1. Clone the Repository:

   ```bash

   git clone https://github.com/arv-anshul/yt-watch-history

   ```

2. Configuration:

   - Open the `docker-compose.yml` file in the project root.

   - Set the following environment variables in the `frontend` service:

     - `YT_API_KEY`: Replace `null` with your YouTube API key.

     - `API_HOST`: Should match the name of the backend service **(`backend` in this case)**.

     - `API_PORT`: Port number for the backend service **(default is `8001`)**.

     - `LOG_LEVEL`: Logging level **(default is `INFO`)**.

   - Set the following environment variables in the `backend` service:

     - `MONGODB_URL`: Replace `null` with your MongoDB URL.

     - `API_PORT`: Port number for the backend service **(default is `8001`)**.

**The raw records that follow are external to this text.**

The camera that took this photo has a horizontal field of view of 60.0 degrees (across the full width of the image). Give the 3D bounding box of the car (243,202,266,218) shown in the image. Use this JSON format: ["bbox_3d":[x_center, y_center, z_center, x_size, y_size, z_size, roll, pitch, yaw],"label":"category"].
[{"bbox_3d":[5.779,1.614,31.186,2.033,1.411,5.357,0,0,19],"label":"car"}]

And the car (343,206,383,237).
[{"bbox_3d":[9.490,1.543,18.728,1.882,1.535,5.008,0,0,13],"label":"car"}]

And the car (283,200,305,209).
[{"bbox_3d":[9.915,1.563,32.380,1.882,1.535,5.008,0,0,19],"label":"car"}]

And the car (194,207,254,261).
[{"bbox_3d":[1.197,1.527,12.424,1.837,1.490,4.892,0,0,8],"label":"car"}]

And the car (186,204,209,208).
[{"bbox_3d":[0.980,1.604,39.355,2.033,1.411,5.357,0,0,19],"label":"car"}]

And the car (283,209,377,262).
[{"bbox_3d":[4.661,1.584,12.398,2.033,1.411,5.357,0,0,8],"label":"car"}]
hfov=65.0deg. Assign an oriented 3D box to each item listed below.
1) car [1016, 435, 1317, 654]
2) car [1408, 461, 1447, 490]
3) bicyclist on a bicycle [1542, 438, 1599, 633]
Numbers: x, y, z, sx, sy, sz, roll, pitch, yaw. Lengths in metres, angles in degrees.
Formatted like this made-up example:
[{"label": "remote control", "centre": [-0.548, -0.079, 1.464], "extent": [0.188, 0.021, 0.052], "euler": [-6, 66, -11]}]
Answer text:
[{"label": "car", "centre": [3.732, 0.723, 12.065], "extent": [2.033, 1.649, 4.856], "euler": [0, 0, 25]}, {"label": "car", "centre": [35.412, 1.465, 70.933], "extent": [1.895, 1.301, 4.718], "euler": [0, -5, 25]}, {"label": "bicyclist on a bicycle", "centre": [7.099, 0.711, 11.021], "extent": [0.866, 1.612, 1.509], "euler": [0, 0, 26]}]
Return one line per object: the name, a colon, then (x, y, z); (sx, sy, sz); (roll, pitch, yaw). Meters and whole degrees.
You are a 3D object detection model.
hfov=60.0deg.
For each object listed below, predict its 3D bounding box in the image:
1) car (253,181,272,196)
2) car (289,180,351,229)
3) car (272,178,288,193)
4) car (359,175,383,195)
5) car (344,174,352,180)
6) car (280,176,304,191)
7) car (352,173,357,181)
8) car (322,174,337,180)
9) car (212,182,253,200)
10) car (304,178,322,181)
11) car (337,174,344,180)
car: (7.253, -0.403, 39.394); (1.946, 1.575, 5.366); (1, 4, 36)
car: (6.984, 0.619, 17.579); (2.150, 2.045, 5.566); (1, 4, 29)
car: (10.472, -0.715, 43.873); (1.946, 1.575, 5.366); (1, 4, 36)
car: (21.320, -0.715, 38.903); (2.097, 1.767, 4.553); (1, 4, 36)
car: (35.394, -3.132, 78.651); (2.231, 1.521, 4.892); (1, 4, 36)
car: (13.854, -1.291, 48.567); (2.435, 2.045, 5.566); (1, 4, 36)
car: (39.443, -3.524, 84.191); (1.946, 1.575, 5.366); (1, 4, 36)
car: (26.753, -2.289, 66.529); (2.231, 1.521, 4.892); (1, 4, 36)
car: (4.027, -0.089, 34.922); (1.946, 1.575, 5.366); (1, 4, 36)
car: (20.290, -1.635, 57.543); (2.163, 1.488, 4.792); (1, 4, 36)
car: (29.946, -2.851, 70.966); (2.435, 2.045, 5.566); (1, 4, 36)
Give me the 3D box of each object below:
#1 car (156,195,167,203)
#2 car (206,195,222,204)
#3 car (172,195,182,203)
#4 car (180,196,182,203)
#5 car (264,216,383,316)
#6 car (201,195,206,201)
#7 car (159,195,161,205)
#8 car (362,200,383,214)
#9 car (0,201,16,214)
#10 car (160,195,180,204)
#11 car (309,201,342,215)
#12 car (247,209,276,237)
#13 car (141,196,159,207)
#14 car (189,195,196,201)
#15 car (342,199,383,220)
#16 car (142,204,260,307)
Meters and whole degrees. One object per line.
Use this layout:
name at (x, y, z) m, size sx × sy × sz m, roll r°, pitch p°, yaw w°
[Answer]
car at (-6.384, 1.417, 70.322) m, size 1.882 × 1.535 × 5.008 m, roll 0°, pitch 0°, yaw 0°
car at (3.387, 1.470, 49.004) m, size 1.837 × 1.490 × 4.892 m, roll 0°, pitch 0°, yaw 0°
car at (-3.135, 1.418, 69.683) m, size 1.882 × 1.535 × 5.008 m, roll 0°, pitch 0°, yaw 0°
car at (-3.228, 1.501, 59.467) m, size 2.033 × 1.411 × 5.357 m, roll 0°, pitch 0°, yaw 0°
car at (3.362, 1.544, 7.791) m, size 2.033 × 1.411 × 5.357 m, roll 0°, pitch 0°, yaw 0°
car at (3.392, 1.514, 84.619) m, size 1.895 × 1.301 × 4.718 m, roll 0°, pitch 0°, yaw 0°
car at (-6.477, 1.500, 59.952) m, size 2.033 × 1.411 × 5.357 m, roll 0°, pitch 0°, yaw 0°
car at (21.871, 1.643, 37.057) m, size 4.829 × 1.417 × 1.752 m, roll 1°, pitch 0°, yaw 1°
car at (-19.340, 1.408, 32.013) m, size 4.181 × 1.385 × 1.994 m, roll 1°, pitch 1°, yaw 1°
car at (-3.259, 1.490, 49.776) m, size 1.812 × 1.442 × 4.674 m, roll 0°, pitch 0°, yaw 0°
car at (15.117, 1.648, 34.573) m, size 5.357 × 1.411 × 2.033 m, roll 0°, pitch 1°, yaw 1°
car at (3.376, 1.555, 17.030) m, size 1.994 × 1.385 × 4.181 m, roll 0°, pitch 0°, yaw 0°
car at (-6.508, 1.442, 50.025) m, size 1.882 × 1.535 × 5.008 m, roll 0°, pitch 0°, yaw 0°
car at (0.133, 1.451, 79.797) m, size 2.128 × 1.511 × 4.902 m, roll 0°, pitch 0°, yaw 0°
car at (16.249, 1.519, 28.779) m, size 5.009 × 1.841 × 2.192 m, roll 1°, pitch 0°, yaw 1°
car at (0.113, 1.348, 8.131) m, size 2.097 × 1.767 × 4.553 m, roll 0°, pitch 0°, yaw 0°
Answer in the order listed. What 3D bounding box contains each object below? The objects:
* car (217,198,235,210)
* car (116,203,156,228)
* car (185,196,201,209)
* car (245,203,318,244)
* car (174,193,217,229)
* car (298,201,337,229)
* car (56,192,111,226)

     - `API_HOST`: Set to `"0.0.0.0"`.

     - `LOG_LEVEL`: Logging level **(default is `INFO`)**.

3. Build and Run:

   ```bash

   docker-compose up --build

   ```

4. Access the application:

   - **Frontend:** Open a browser and go to `http://localhost:8501`.

   - **Backend:** Accessed internally via the configured API endpoints. Or access locally at `http://0.0.0.0:8001`.

> [!NOTE]

>

> - Frontend service runs on port `8501` locally.

> - Backend service runs on port `8001` locally.

> - Make sure no other services are running on these ports.

> - `/frontend` and `/backend` directories are mounted as volumes for the respective services.

> - `/frontend/data` and `/backend/ml_models` directories are mounted for persistent data storage.